15th Annual Conference of the International Speech Communication Association

September 14-18, 2014

A Minimal-Resource Transliteration Framework for Vietnamese

Hoang Gia Ngo (1), Nancy F. Chen (2), Sunil Sivadas (2), Bin Ma (2), Haizhou Li (2)

(1) National University of Singapore, Singapore
(2) A*STAR, Singapore

Transliteration converts words in a source language (e.g., English) into phonetically equivalent words in a target language (e.g., Vietnamese). Transliteration is therefore used to handle out-of-vocabulary (OOV) words adopted from foreign languages in automatic speech recognition and keyword search systems. While statistical transliteration approaches have been widely adopted, they may not always be suitable for under-resourced languages, where training data is scarce. In this work, we present a rule-based Vietnamese transliteration framework suitable for spoken language applications with minimal linguistic resources.

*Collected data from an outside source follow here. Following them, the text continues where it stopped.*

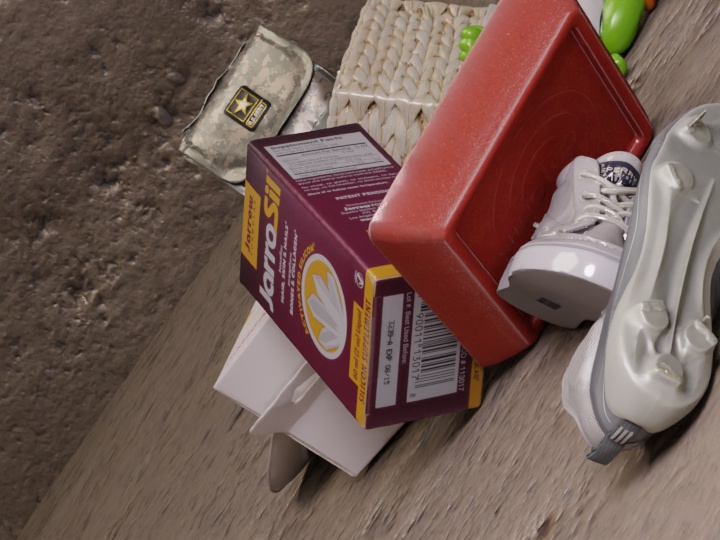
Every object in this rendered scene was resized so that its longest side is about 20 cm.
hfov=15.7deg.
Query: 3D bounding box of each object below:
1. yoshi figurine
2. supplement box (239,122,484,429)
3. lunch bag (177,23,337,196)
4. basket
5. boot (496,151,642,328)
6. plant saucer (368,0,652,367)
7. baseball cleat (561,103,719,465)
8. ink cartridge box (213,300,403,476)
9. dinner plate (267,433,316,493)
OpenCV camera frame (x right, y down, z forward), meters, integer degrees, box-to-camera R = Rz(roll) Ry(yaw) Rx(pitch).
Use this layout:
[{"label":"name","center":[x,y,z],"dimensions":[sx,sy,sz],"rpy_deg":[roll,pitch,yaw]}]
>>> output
[{"label":"yoshi figurine","center":[0.129,-0.150,1.849],"dimensions":[0.201,0.112,0.112],"rpy_deg":[-61,14,-1]},{"label":"supplement box","center":[0.000,0.000,1.674],"dimensions":[0.200,0.085,0.111],"rpy_deg":[-133,40,-52]},{"label":"lunch bag","center":[-0.074,-0.142,2.758],"dimensions":[0.165,0.199,0.118],"rpy_deg":[-57,7,0]},{"label":"basket","center":[0.044,-0.114,2.007],"dimensions":[0.200,0.123,0.136],"rpy_deg":[-70,-12,-60]},{"label":"boot","center":[0.127,-0.025,1.452],"dimensions":[0.096,0.073,0.200],"rpy_deg":[-66,7,-6]},{"label":"plant saucer","center":[0.101,-0.058,1.554],"dimensions":[0.200,0.037,0.200],"rpy_deg":[-59,-32,-11]},{"label":"baseball cleat","center":[0.141,0.005,1.269],"dimensions":[0.106,0.070,0.201],"rpy_deg":[-49,11,48]},{"label":"ink cartridge box","center":[-0.005,0.036,1.871],"dimensions":[0.129,0.125,0.200],"rpy_deg":[-52,10,41]},{"label":"dinner plate","center":[-0.028,0.081,2.049],"dimensions":[0.200,0.024,0.201],"rpy_deg":[19,-90,-79]}]

We show that the proposed system outperforms statistical baselines by up to 81.70% relative when there is limited training examples (94 word pairs). In addition, we investigate the trade-off between training corpus size and transliteration performance of different methods on two distinct corpora. We also show that the proposed model outperforms statistical baselines up to 36.76% relative in keyword search tasks.

Full Paper

Bibliographic reference.  Ngo, Hoang Gia / Chen, Nancy F. / Sivadas, Sunil / Ma, Bin / Li, Haizhou (2014): "A minimal-resource transliteration framework for vietnamese", In INTERSPEECH-2014, 1410-1414.